● Task item:
Within the records below is a range that opens at the line with "Image width covers 19.0°." and closes at the line with "Locate every instance". Return that range word for word, both ends included, and only that range.
= Beginning of Section =
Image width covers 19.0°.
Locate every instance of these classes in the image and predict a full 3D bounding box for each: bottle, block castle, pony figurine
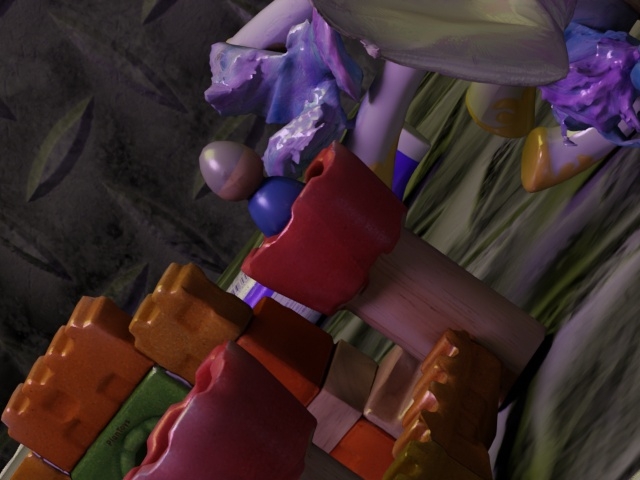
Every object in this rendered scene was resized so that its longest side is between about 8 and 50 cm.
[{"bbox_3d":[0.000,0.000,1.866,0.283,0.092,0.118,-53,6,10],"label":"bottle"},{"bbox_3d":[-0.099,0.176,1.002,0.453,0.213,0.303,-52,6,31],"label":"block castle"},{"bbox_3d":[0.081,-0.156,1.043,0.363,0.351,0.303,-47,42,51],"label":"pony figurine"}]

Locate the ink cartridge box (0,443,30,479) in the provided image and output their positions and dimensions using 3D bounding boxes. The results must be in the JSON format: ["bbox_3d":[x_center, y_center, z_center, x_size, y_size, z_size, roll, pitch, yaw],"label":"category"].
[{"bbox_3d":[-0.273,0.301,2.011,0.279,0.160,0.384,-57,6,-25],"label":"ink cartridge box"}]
= End of Section =
= Beginning of Section =
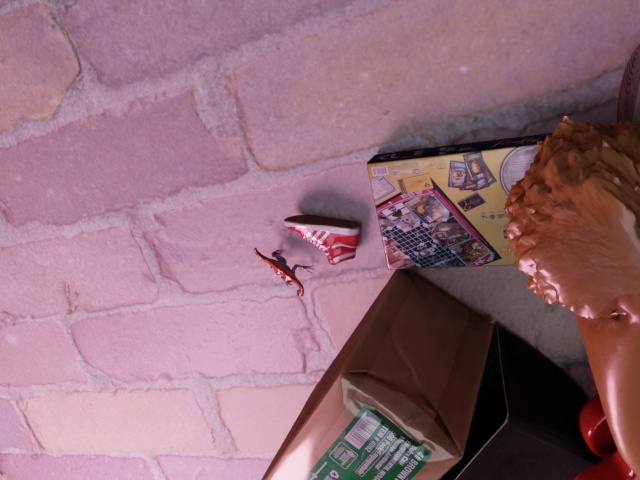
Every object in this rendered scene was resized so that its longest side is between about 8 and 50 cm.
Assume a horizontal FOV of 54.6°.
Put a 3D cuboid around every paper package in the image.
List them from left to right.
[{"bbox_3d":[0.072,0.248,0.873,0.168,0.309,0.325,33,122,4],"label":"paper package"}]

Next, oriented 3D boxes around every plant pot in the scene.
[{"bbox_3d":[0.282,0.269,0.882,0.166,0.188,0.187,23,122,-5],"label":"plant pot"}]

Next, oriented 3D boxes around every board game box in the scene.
= End of Section =
● Response area:
Image width covers 19.0°.
Locate every instance of these classes in the image and predict a full 3D bounding box for each: bottle, block castle, pony figurine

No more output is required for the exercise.